You could create a 2D array in main, though (double A[3][3]) and pass that in to a getPoint method, which could copy the values into the passed-in array. That would give you a copy, which might be what you want (instead of the original, modifiable, data). Downside is that you have to copy it, of course.

class myClass
{
public:
void getpointeM(double *A[3][3])
{
//Initialize array here
}
private:
double M[3][3];
};
int main()
{
myClass moo;
double *A[3][3];
moo.getpointM( A );
}

You may want to take the code in your main function which works with the 2D array of doubles, and move that into myClass as a member function. Not only would you not have to deal with the difficulty of passing a pointer for that 2D array, but code external to your class would no longer need to know the details of how your class implements A, since they would now be calling a function in myClass and letting that do the work. If, say, you later decided to allow variable dimensions of A and chose to replace the array with a vector of vectors, you wouldn't need to rewrite any calling code in order for it to work.

In your main() function:
double *A[3][3];
creates a 3x3 array of double* (or pointers to doubles). In other words, 9 x 32-bit contiguous words of memory to store 9 memory pointers.
There's no need to make a copy of this array in main() unless the class is going to be destroyed, and you still want to access this information. Instead, you can simply return a pointer to the start of this member array.
If you only want to return a pointer to an internal class member, you only really need a single pointer value in main():
double *A;
But, if you're passing this pointer to a function and you need the function to update its value, you need a double pointer (which will allow the function to return the real pointer value back to the caller:
double **A;
And inside getpointM() you can simply point A to the internal member (M):
getpointeM(double** A)
{
// Updated types to make the assignment compatible
// This code will make the return argument (A) point to the
// memory location (&) of the start of the 2-dimensional array
// (M[0][0]).
*A = &(M[0][0]);
}

Make M public instead of private.
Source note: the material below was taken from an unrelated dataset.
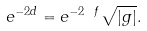Convert formula to latex. <formula><loc_0><loc_0><loc_500><loc_500>e ^ { - 2 d } = e ^ { - 2 \ f } \sqrt { | g | } .</formula> 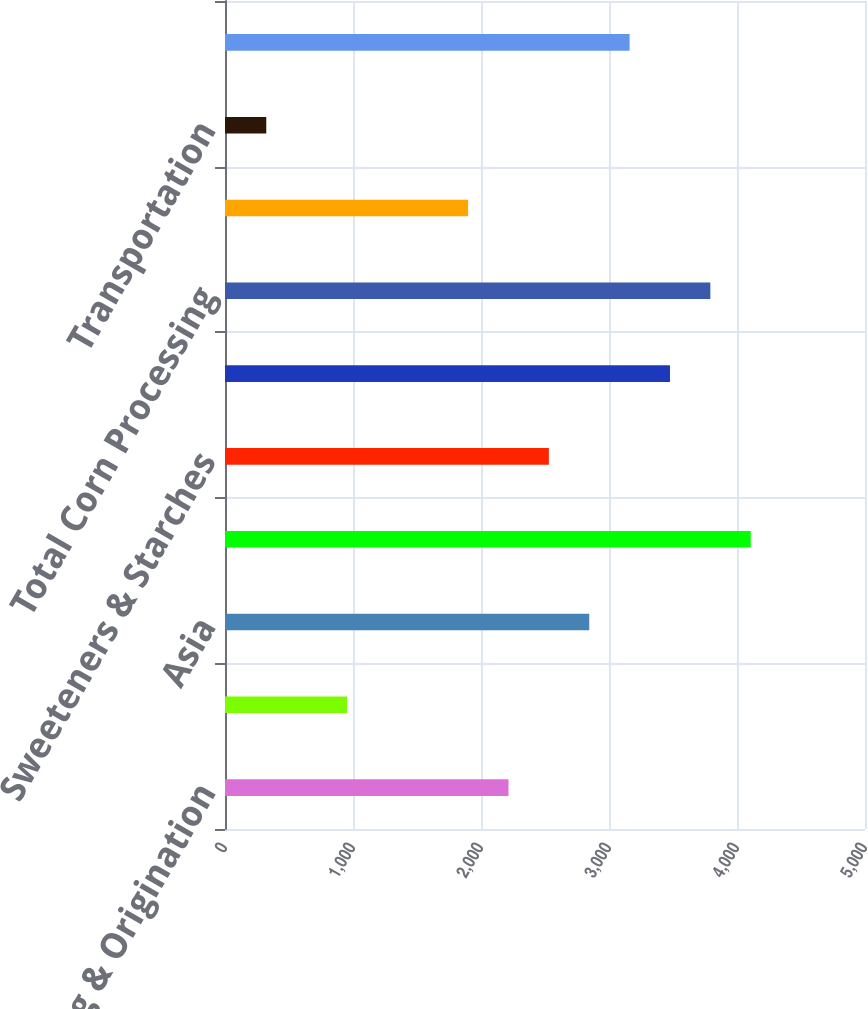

Since you want to allow access to M through a pointer, M is not encapsulated anyway.
struct myClass {
myClass() {
std::fill_n(&M[0][0], sizeof M / sizeof M[0][0], 0.0);
}
double M[3][3];
};
int main() {
myClass moo;
double (*A)[3] = moo.M;
double (&R)[3][3] = moo.M;
for (int r = 0; r != 3; ++r) {
for (int c = 0; c != 3; ++c) {
cout << A[r][c] << R[r][c] << ' ';
// notice A[r][c] and R[r][c] are the exact same object
// I'm using both to show you can use A and R identically
}
}
return 0;
}
I would, in general, prefer R over A because the all of the lengths are fixed (A could potentially point to a double[10][3] if that was a requirement) and the reference will usually lead to clearer code.